[Assigned task]: Find the line with "title: Winterlandschap" in the records below. Copy it and every line after it, up to and including the line with "inscriptions: collector's mark: Lugt 2165".

[Given information]:
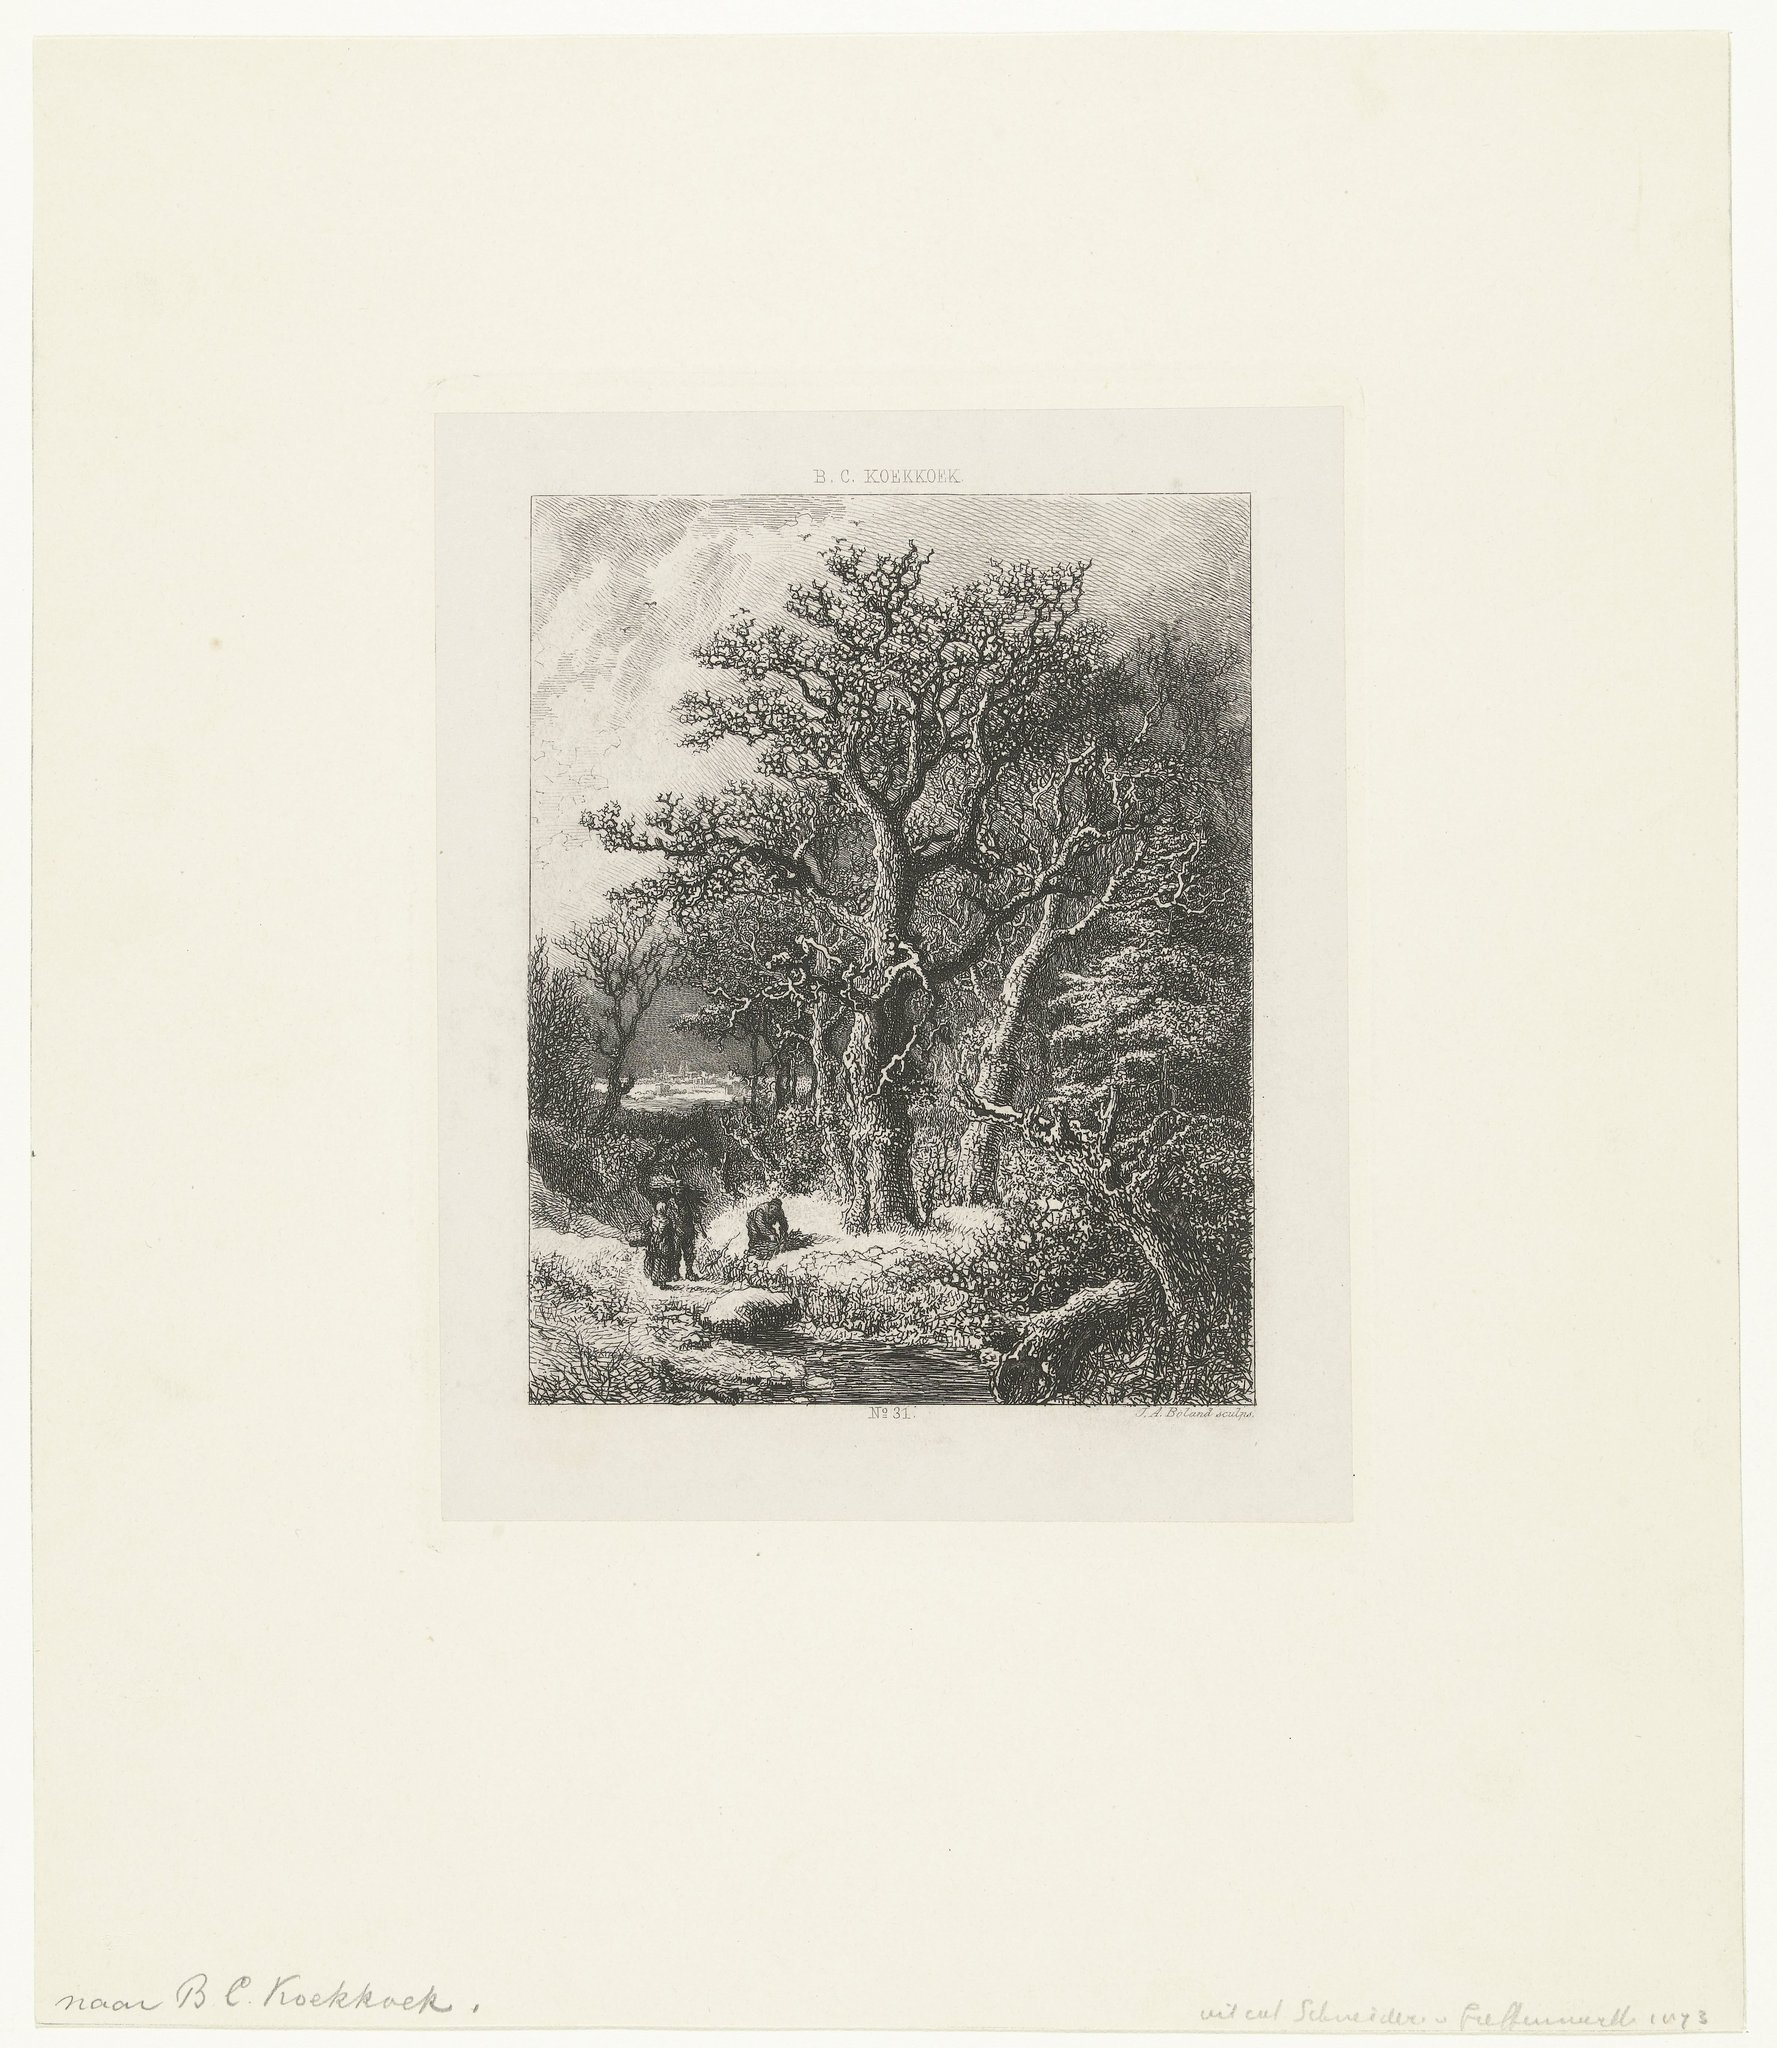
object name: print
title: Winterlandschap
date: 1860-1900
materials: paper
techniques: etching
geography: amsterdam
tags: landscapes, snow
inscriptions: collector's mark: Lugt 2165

--

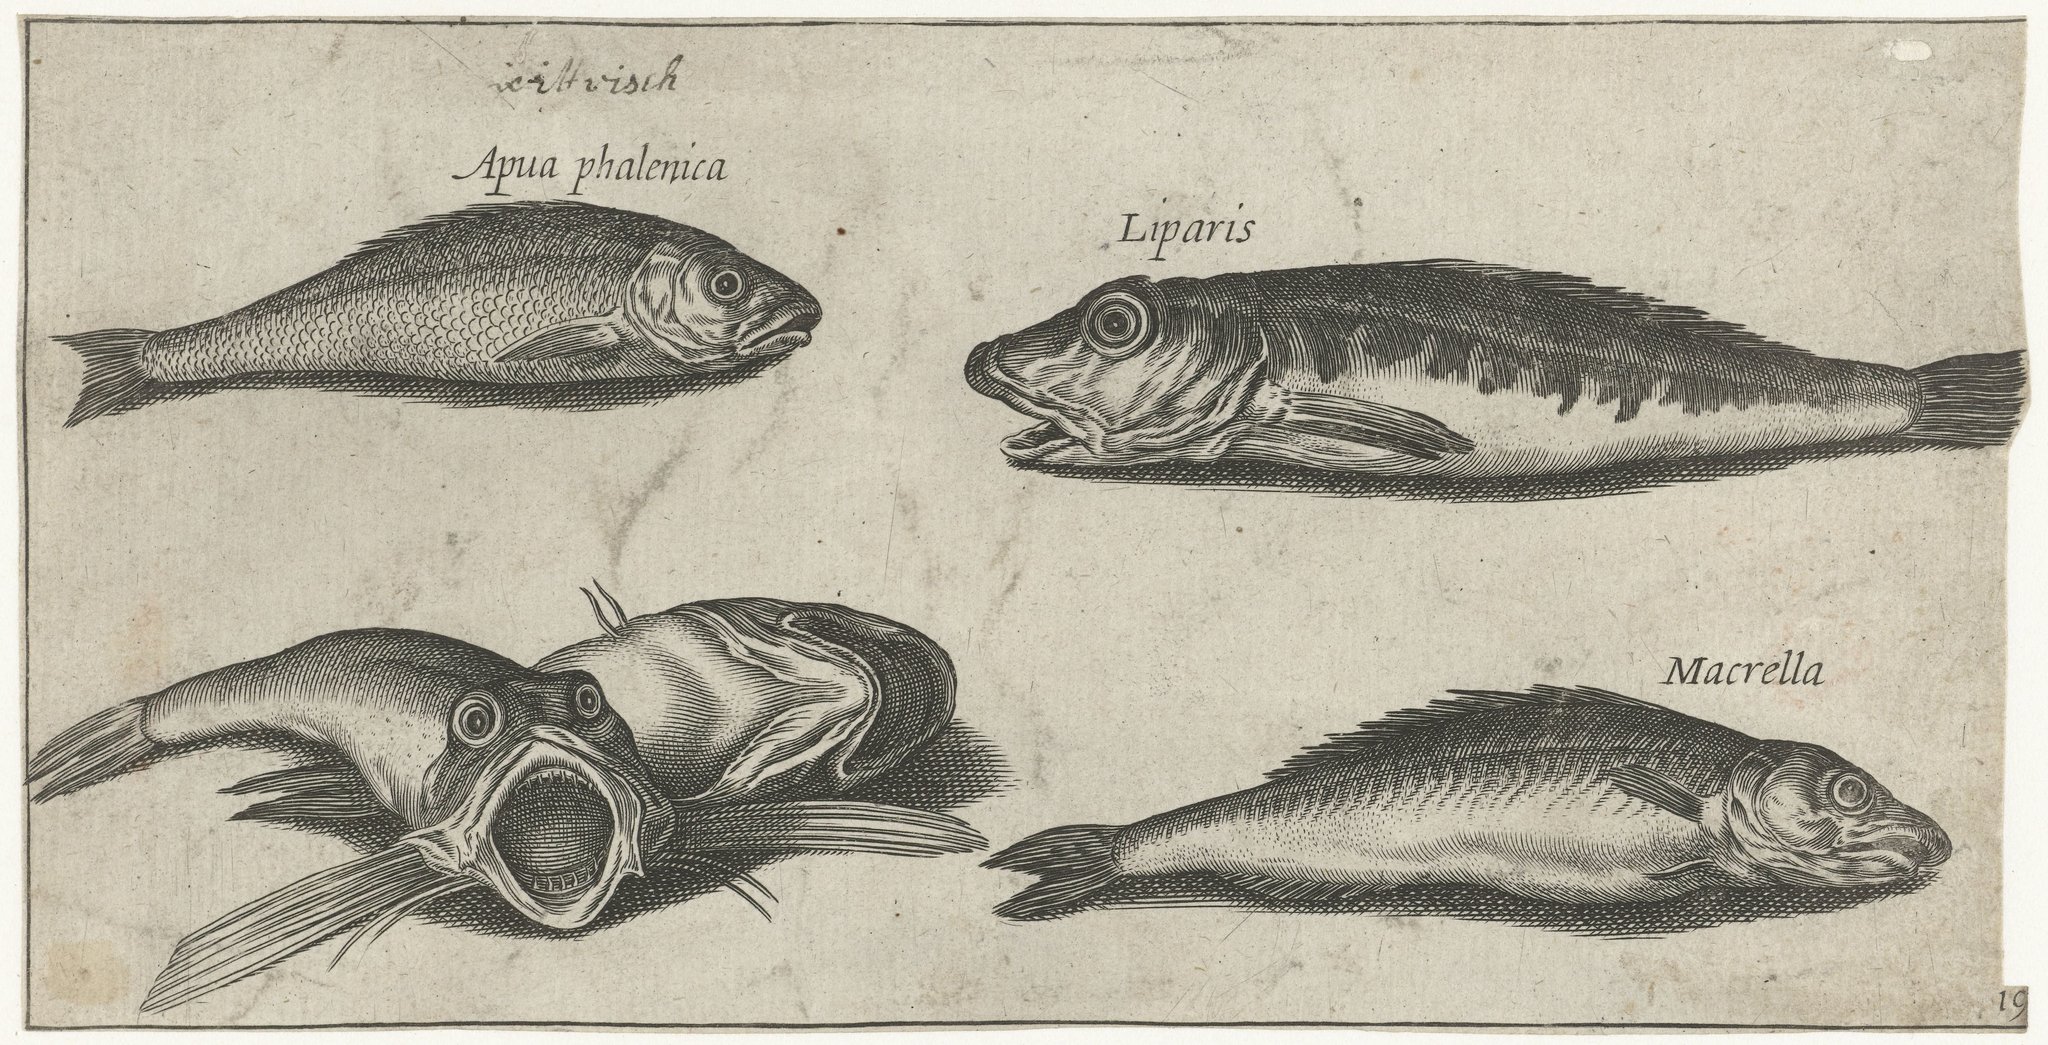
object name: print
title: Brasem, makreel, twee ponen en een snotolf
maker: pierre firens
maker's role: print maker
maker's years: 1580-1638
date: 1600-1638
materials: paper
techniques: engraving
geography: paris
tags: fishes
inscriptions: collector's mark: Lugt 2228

==

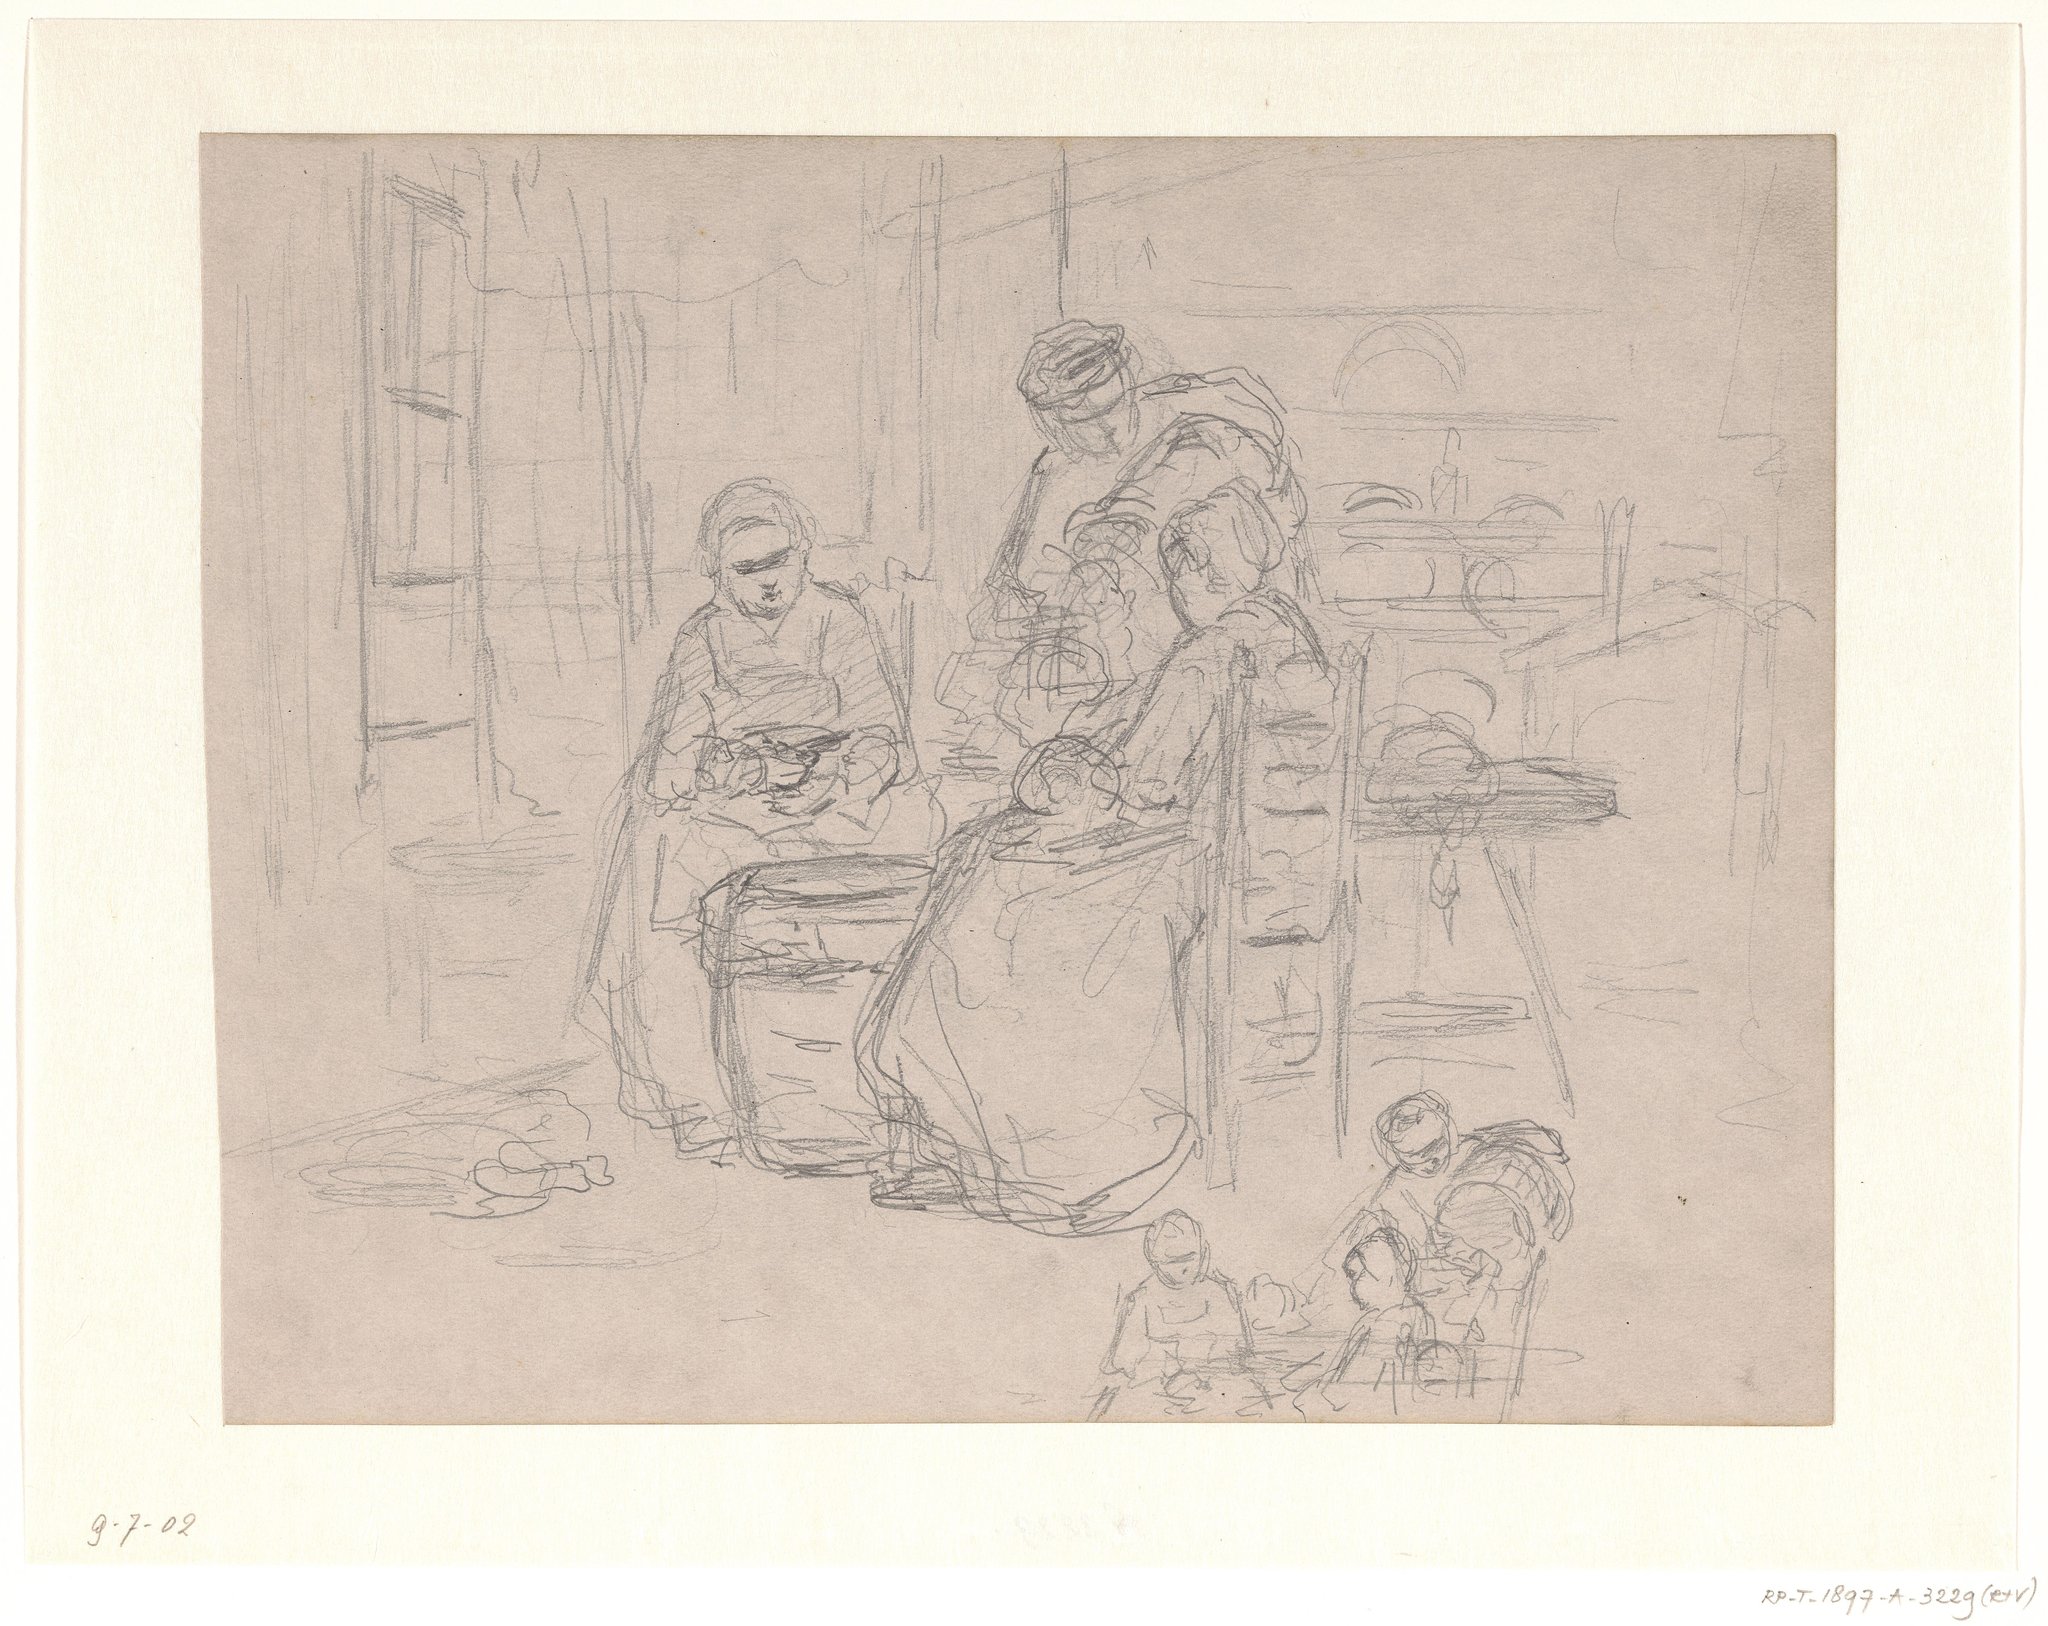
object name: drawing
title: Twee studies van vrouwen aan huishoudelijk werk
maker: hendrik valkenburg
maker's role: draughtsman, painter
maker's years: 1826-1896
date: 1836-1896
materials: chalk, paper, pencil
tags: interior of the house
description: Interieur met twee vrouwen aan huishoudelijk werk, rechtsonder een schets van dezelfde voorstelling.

[Result]:
title: Winterlandschap
date: 1860-1900
materials: paper
techniques: etching
geography: amsterdam
tags: landscapes, snow
inscriptions: collector's mark: Lugt 2165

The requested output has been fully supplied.